#### DATASET CONTENT:

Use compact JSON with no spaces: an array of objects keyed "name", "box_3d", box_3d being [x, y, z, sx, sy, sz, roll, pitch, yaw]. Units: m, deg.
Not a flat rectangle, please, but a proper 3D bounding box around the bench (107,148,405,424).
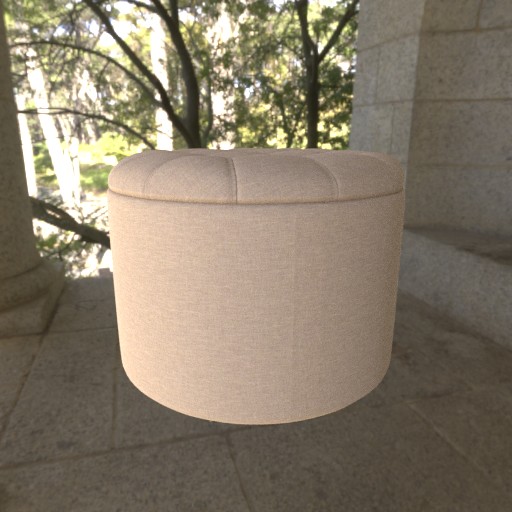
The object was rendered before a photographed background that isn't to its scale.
[{"name":"bench","box_3d":[0.000,0.000,0.971,0.600,0.454,0.600,0,15,0]}]
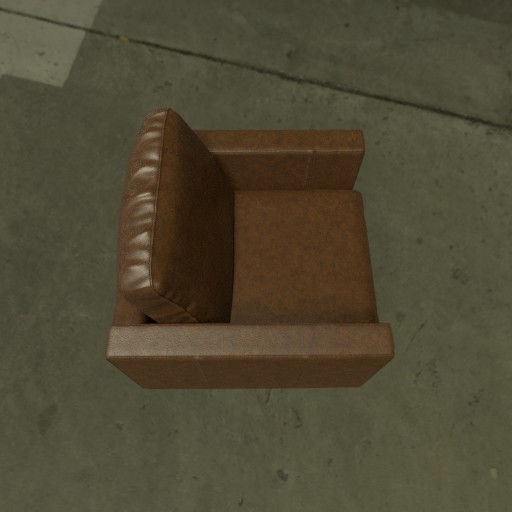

#### EXERCISE DESCRIPTION:
Give the listing again word for word, but drop every picture.

#### OUTPUT OF THE TASK:
Use compact JSON with no spaces: an array of objects keyed "name", "box_3d", box_3d being [x, y, z, sx, sy, sz, roll, pitch, yaw]. Units: m, deg.
Not a flat rectangle, please, but a proper 3D bounding box around the bench (107,148,405,424).
The object was rendered before a photographed background that isn't to its scale.
[{"name":"bench","box_3d":[0.000,0.000,0.971,0.600,0.454,0.600,0,15,0]}]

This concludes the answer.